┏━━

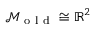<formula> <loc_0><loc_0><loc_500><loc_500>\mathcal { M } _ { o l d } \cong \mathbb { R } ^ { 2 }</formula> 
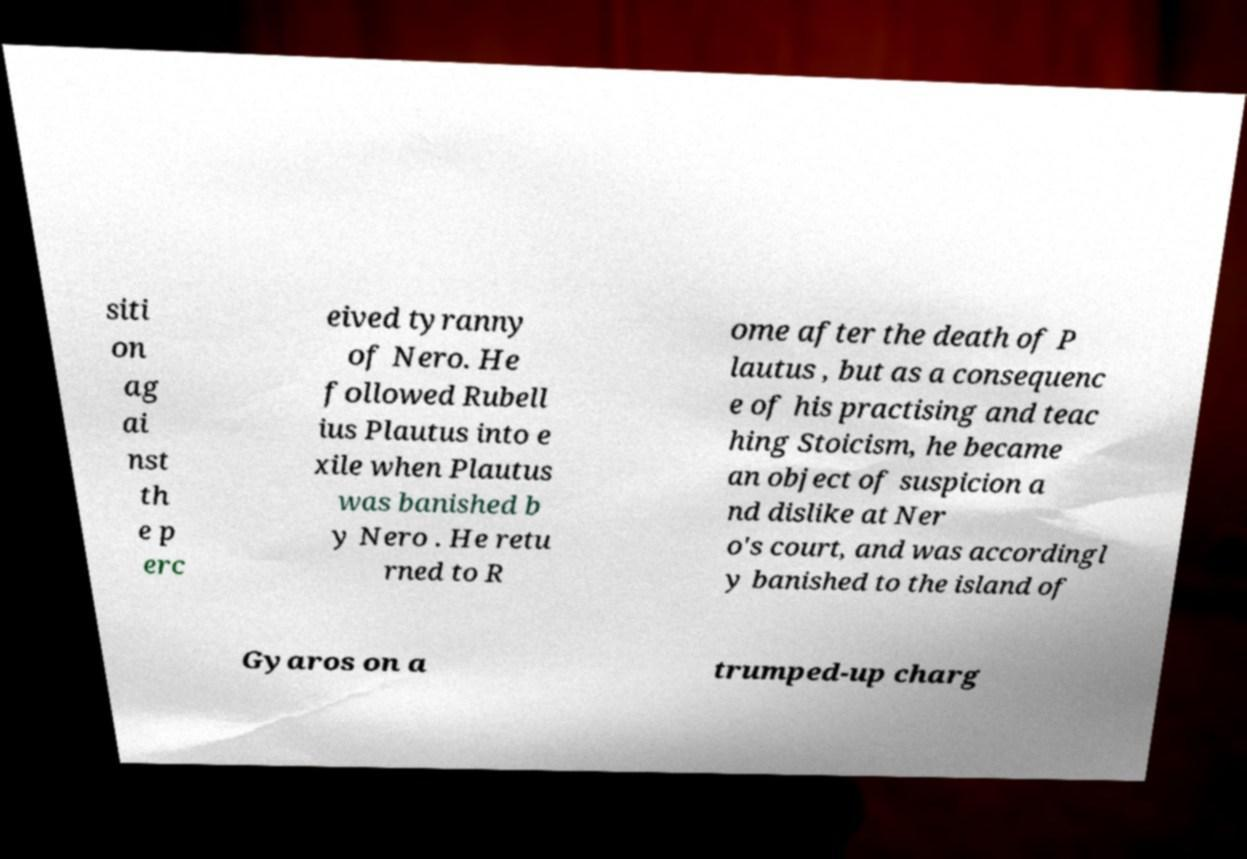There's text embedded in this image that I need extracted. Can you transcribe it verbatim? siti on ag ai nst th e p erc eived tyranny of Nero. He followed Rubell ius Plautus into e xile when Plautus was banished b y Nero . He retu rned to R ome after the death of P lautus , but as a consequenc e of his practising and teac hing Stoicism, he became an object of suspicion a nd dislike at Ner o's court, and was accordingl y banished to the island of Gyaros on a trumped-up charg 
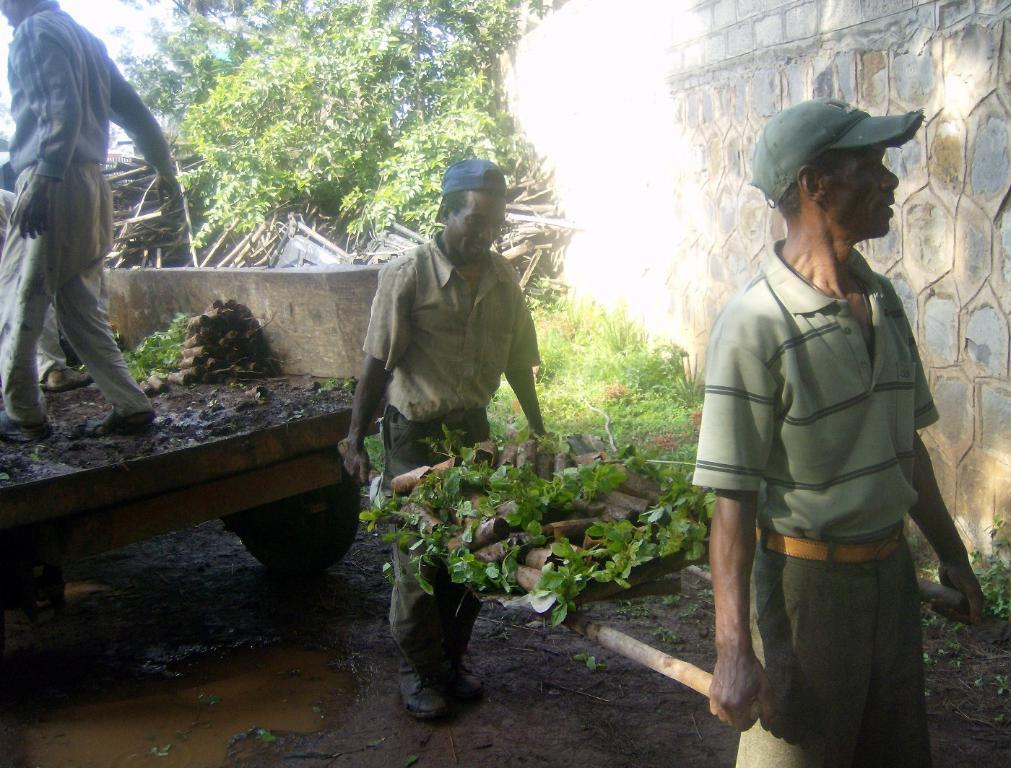What vehicle is located on the left side of the image? There is a truck on the left side of the image. What type of structure can be seen on the right side of the image? There is a stone wall on the right side of the image. What type of vegetation is present in the image? There are trees in the image. What part of the natural environment is visible in the image? The sky is visible in the image. Who or what else can be seen in the image? There are people in the image. What type of education is being offered to the trees in the image? There is no indication in the image that the trees are receiving any education. What point is being made by the stone wall in the image? The stone wall is a structural element in the image and does not make a point or convey a message. 
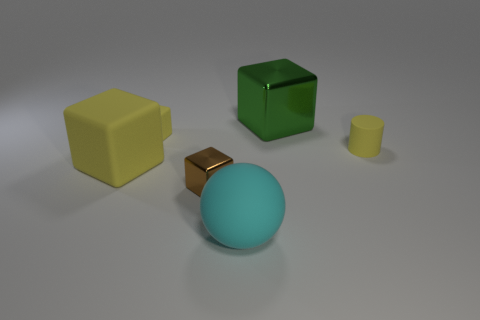How many cylinders are the same size as the brown cube?
Your response must be concise. 1. There is a small brown thing; what number of small matte objects are in front of it?
Keep it short and to the point. 0. There is a large block in front of the metal thing that is behind the tiny brown cube; what is it made of?
Your answer should be compact. Rubber. Are there any other blocks that have the same color as the tiny metallic block?
Make the answer very short. No. What size is the cyan object that is the same material as the large yellow thing?
Make the answer very short. Large. Is there anything else of the same color as the cylinder?
Keep it short and to the point. Yes. What is the color of the tiny cube behind the brown block?
Your answer should be compact. Yellow. There is a metal cube behind the small metallic thing that is on the left side of the large metal block; is there a cyan rubber sphere that is in front of it?
Your answer should be very brief. Yes. Is the number of balls that are behind the matte cylinder greater than the number of large cubes?
Provide a short and direct response. No. There is a small thing on the right side of the tiny metallic object; is it the same shape as the large green object?
Your response must be concise. No. 
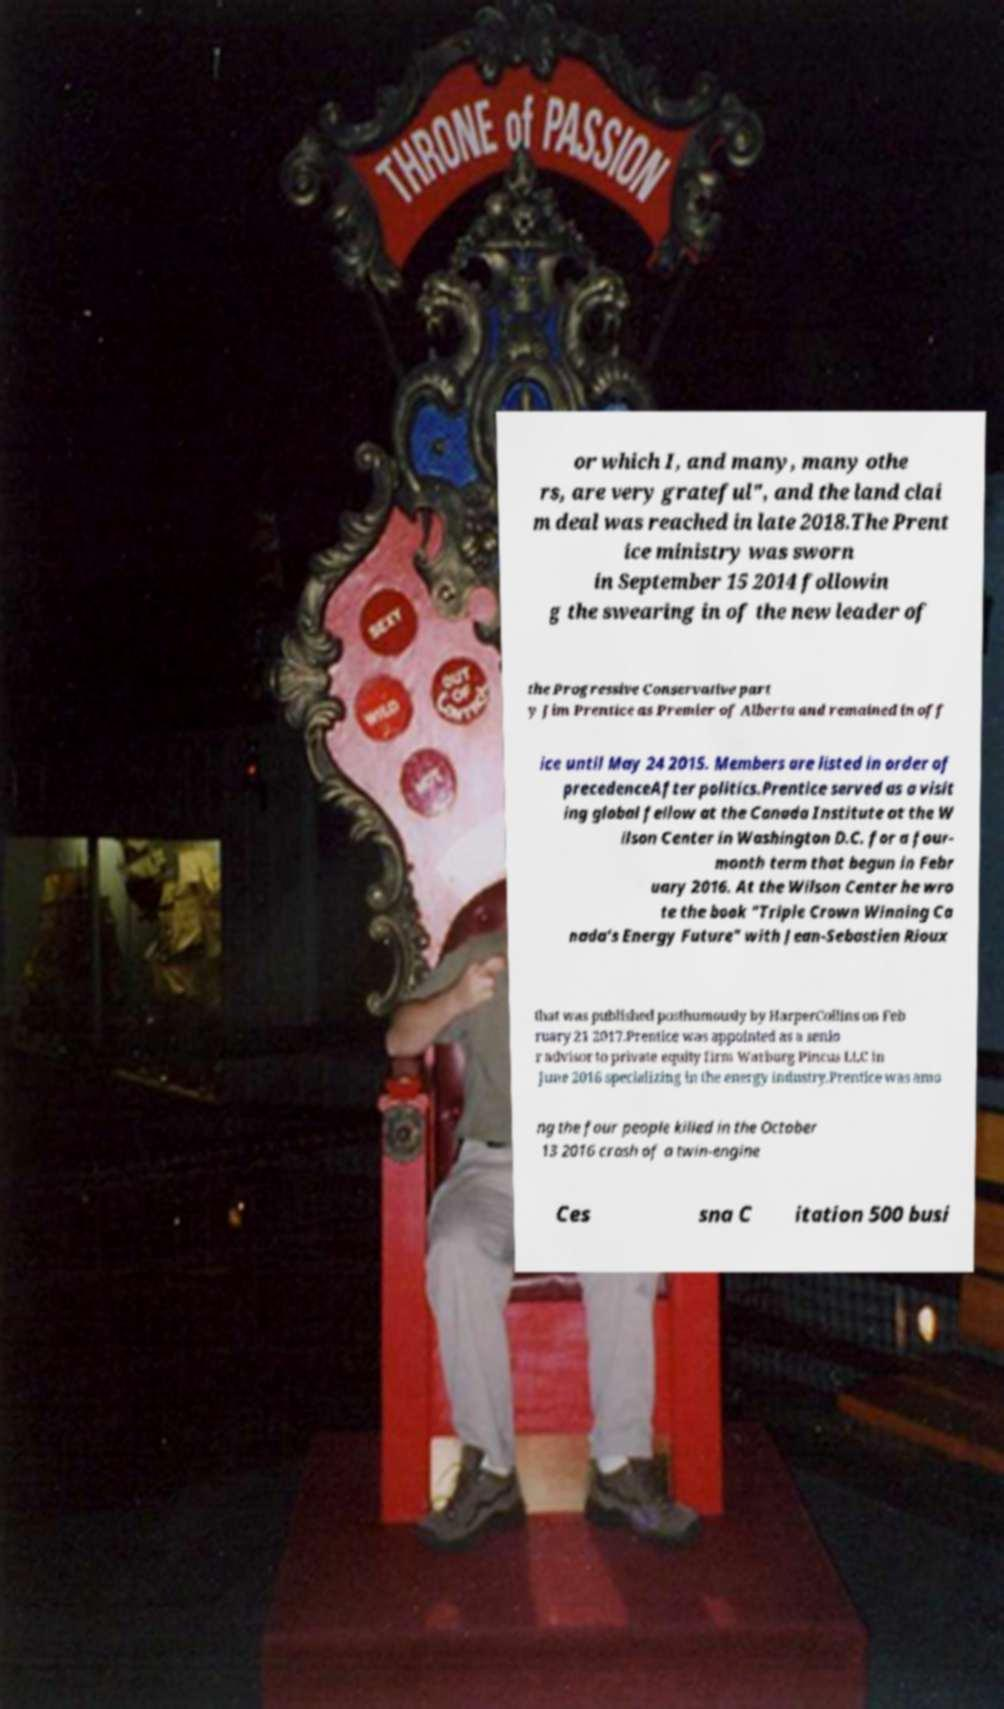Can you accurately transcribe the text from the provided image for me? or which I, and many, many othe rs, are very grateful", and the land clai m deal was reached in late 2018.The Prent ice ministry was sworn in September 15 2014 followin g the swearing in of the new leader of the Progressive Conservative part y Jim Prentice as Premier of Alberta and remained in off ice until May 24 2015. Members are listed in order of precedenceAfter politics.Prentice served as a visit ing global fellow at the Canada Institute at the W ilson Center in Washington D.C. for a four- month term that begun in Febr uary 2016. At the Wilson Center he wro te the book "Triple Crown Winning Ca nada’s Energy Future" with Jean-Sebastien Rioux that was published posthumously by HarperCollins on Feb ruary 21 2017.Prentice was appointed as a senio r advisor to private equity firm Warburg Pincus LLC in June 2016 specializing in the energy industry.Prentice was amo ng the four people killed in the October 13 2016 crash of a twin-engine Ces sna C itation 500 busi

┗━━

## Action item
Nothing but the lines above from the one containing "Your response must be concise. 1." through the one containing "Your answer should be compact. Rubber." should appear in the answer, each repeated exactly.

## Reply
Your response must be concise. 1. There is a small brown thing; what number of small matte objects are in front of it?
Keep it short and to the point. 0. There is a large block in front of the metal thing that is behind the tiny brown cube; what is it made of?
Your answer should be compact. Rubber. Are there any other blocks that have the same color as the tiny metallic block?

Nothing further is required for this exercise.